▶ _EXERCISE_
Wherever a line in the data holds the word "part", pull that line out.

::::

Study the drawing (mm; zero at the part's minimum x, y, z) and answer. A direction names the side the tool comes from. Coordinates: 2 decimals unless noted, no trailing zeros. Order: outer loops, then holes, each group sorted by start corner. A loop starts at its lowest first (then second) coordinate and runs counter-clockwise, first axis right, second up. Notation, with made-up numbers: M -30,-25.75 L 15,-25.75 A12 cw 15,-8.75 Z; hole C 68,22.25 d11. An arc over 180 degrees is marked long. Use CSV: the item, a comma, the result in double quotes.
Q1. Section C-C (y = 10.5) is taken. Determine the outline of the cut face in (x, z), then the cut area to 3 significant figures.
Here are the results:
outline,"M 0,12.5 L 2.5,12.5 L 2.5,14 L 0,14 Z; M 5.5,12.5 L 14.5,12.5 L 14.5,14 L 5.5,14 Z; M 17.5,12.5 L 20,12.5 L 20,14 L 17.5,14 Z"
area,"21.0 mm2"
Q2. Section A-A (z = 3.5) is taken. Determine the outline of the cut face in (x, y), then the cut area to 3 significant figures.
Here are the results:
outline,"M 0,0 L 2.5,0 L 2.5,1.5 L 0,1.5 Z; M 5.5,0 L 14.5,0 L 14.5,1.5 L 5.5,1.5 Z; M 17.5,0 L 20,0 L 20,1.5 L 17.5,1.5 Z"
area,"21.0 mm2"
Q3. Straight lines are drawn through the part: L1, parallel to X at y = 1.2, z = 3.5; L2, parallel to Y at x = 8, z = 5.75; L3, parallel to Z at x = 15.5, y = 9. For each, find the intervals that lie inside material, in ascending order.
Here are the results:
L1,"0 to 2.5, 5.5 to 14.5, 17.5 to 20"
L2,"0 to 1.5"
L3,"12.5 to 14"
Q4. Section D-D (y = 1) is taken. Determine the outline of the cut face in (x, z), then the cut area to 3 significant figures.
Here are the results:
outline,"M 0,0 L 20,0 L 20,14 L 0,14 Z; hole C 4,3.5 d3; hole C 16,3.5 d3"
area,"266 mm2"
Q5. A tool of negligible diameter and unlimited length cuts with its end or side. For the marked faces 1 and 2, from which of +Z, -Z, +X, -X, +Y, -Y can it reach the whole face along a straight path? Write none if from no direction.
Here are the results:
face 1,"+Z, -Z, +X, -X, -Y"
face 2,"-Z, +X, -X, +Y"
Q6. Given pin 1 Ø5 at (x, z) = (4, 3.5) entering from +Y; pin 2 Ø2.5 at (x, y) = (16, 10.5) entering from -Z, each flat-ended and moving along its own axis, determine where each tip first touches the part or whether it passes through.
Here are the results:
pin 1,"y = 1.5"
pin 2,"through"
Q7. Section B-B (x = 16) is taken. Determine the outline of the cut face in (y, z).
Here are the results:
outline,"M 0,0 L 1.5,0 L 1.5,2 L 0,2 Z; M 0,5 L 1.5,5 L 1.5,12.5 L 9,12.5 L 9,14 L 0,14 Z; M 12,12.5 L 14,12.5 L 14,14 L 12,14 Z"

::::

▶ _TASK SOLUTION_
Study the drawing (mm; zero at the part's minimum x, y, z) and answer. A direction names the side the tool comes from. Coordinates: 2 decimals unless noted, no trailing zeros. Order: outer loops, then holes, each group sorted by start corner. A loop starts at its lowest first (then second) coordinate and runs counter-clockwise, first axis right, second up. Notation, with made-up numbers: M -30,-25.75 L 15,-25.75 A12 cw 15,-8.75 Z; hole C 68,22.25 d11. An arc over 180 degrees is marked long. Use CSV: the item, a comma, the result in double quotes.
Q3. Straight lines are drawn through the part: L1, parallel to X at y = 1.2, z = 3.5; L2, parallel to Y at x = 8, z = 5.75; L3, parallel to Z at x = 15.5, y = 9. For each, find the intervals that lie inside material, in ascending order.
Q6. Given pin 1 Ø5 at (x, z) = (4, 3.5) entering from +Y; pin 2 Ø2.5 at (x, y) = (16, 10.5) entering from -Z, each flat-ended and moving along its own axis, determine where each tip first touches the part or whether it passes through.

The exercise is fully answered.